[EXCERPTED DATA]
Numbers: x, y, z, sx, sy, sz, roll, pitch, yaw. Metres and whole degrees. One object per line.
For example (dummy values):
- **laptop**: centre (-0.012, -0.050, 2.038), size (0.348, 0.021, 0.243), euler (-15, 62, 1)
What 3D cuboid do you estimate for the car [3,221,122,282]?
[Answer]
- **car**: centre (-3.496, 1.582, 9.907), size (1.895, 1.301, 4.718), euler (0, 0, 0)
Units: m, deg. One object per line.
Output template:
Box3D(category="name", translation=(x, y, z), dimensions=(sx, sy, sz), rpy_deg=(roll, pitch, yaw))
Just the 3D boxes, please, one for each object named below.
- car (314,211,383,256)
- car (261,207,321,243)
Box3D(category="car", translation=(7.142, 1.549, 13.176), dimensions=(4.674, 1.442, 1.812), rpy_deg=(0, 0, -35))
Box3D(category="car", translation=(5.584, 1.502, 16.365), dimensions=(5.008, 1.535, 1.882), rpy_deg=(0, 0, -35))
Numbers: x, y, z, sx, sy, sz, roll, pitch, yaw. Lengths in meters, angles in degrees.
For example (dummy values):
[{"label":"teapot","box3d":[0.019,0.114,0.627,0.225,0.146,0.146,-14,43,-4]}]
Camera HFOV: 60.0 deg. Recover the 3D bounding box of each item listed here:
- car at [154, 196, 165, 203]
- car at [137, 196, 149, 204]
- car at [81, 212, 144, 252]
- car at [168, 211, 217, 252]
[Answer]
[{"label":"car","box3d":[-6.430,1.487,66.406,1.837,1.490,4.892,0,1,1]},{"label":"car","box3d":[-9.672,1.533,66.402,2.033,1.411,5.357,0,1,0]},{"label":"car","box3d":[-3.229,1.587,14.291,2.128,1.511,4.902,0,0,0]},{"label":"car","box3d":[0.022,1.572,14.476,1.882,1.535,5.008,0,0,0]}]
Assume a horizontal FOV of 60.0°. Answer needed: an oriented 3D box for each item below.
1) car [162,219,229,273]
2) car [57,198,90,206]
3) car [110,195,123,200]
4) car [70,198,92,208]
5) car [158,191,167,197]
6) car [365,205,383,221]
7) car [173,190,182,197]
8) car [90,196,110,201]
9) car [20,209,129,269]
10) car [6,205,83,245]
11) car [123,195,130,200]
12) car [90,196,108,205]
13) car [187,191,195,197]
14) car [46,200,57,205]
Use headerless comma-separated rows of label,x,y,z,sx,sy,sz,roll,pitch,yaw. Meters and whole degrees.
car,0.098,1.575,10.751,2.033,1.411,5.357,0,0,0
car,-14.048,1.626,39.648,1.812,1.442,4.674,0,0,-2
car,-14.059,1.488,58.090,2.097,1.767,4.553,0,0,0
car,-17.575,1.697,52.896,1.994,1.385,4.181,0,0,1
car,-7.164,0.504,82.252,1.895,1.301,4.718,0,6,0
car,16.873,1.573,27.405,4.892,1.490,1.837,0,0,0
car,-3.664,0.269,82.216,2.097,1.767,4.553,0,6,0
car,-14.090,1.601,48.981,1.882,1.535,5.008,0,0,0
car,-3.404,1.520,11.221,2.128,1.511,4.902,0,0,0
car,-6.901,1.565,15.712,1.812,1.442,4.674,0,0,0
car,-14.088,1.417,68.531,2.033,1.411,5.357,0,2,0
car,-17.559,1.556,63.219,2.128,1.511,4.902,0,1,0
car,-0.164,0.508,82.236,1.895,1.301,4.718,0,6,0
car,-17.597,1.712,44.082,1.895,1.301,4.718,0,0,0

[EXERCISE DIRECTIONS] Working from the entries above, return all lines that contain "item".

[RESPONSE TO THE TASK]
Camera HFOV: 60.0 deg. Recover the 3D bounding box of each item listed here:
Assume a horizontal FOV of 60.0°. Answer needed: an oriented 3D box for each item below.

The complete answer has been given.